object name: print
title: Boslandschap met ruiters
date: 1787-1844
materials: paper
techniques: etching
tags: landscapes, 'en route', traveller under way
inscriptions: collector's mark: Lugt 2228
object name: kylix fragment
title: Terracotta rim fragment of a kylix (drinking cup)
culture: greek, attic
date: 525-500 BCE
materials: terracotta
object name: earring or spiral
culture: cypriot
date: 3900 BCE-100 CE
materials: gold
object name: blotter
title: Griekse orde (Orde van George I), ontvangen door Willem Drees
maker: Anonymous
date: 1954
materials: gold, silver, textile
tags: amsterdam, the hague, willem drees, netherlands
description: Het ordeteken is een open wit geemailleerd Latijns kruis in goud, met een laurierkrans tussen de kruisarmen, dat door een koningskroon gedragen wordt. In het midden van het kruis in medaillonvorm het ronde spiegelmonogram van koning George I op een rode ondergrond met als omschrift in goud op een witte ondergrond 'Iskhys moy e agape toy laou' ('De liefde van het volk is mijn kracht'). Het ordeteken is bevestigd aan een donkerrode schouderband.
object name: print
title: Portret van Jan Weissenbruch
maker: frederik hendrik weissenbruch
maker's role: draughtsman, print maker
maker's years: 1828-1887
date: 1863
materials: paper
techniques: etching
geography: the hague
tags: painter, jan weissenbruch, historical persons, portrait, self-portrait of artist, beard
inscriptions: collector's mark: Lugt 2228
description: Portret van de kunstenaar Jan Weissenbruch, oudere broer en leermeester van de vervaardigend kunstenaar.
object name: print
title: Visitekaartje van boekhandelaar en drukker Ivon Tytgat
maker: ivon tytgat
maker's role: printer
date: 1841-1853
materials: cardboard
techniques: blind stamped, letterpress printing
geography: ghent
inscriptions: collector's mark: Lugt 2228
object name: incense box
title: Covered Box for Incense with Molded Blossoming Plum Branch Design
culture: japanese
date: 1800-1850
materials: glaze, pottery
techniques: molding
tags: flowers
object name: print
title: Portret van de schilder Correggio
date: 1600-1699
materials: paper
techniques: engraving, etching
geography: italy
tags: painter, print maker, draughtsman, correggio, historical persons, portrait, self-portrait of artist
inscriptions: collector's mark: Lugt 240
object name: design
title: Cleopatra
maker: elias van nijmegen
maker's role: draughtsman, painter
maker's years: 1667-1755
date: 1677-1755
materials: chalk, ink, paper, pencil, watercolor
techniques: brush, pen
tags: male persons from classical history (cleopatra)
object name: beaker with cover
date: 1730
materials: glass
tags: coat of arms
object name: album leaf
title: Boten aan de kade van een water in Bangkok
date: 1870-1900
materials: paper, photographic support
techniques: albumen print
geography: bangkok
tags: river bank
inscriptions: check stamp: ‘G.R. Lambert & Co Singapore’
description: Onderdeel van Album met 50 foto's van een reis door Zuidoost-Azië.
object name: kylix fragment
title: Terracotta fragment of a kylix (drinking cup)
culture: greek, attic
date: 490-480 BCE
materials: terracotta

^^^^^^^^^^^^^^^^

Set down each entry again, exactly as written.

object name: print
title: Boslandschap met ruiters
date: 1787-1844
materials: paper
techniques: etching
tags: landscapes, 'en route', traveller under way
inscriptions: collector's mark: Lugt 2228
object name: kylix fragment
title: Terracotta rim fragment of a kylix (drinking cup)
culture: greek, attic
date: 525-500 BCE
materials: terracotta
object name: earring or spiral
culture: cypriot
date: 3900 BCE-100 CE
materials: gold
object name: blotter
title: Griekse orde (Orde van George I), ontvangen door Willem Drees
maker: Anonymous
date: 1954
materials: gold, silver, textile
tags: amsterdam, the hague, willem drees, netherlands
description: Het ordeteken is een open wit geemailleerd Latijns kruis in goud, met een laurierkrans tussen de kruisarmen, dat door een koningskroon gedragen wordt. In het midden van het kruis in medaillonvorm het ronde spiegelmonogram van koning George I op een rode ondergrond met als omschrift in goud op een witte ondergrond 'Iskhys moy e agape toy laou' ('De liefde van het volk is mijn kracht'). Het ordeteken is bevestigd aan een donkerrode schouderband.
object name: print
title: Portret van Jan Weissenbruch
maker: frederik hendrik weissenbruch
maker's role: draughtsman, print maker
maker's years: 1828-1887
date: 1863
materials: paper
techniques: etching
geography: the hague
tags: painter, jan weissenbruch, historical persons, portrait, self-portrait of artist, beard
inscriptions: collector's mark: Lugt 2228
description: Portret van de kunstenaar Jan Weissenbruch, oudere broer en leermeester van de vervaardigend kunstenaar.
object name: print
title: Visitekaartje van boekhandelaar en drukker Ivon Tytgat
maker: ivon tytgat
maker's role: printer
date: 1841-1853
materials: cardboard
techniques: blind stamped, letterpress printing
geography: ghent
inscriptions: collector's mark: Lugt 2228
object name: incense box
title: Covered Box for Incense with Molded Blossoming Plum Branch Design
culture: japanese
date: 1800-1850
materials: glaze, pottery
techniques: molding
tags: flowers
object name: print
title: Portret van de schilder Correggio
date: 1600-1699
materials: paper
techniques: engraving, etching
geography: italy
tags: painter, print maker, draughtsman, correggio, historical persons, portrait, self-portrait of artist
inscriptions: collector's mark: Lugt 240
object name: design
title: Cleopatra
maker: elias van nijmegen
maker's role: draughtsman, painter
maker's years: 1667-1755
date: 1677-1755
materials: chalk, ink, paper, pencil, watercolor
techniques: brush, pen
tags: male persons from classical history (cleopatra)
object name: beaker with cover
date: 1730
materials: glass
tags: coat of arms
object name: album leaf
title: Boten aan de kade van een water in Bangkok
date: 1870-1900
materials: paper, photographic support
techniques: albumen print
geography: bangkok
tags: river bank
inscriptions: check stamp: ‘G.R. Lambert & Co Singapore’
description: Onderdeel van Album met 50 foto's van een reis door Zuidoost-Azië.
object name: kylix fragment
title: Terracotta fragment of a kylix (drinking cup)
culture: greek, attic
date: 490-480 BCE
materials: terracotta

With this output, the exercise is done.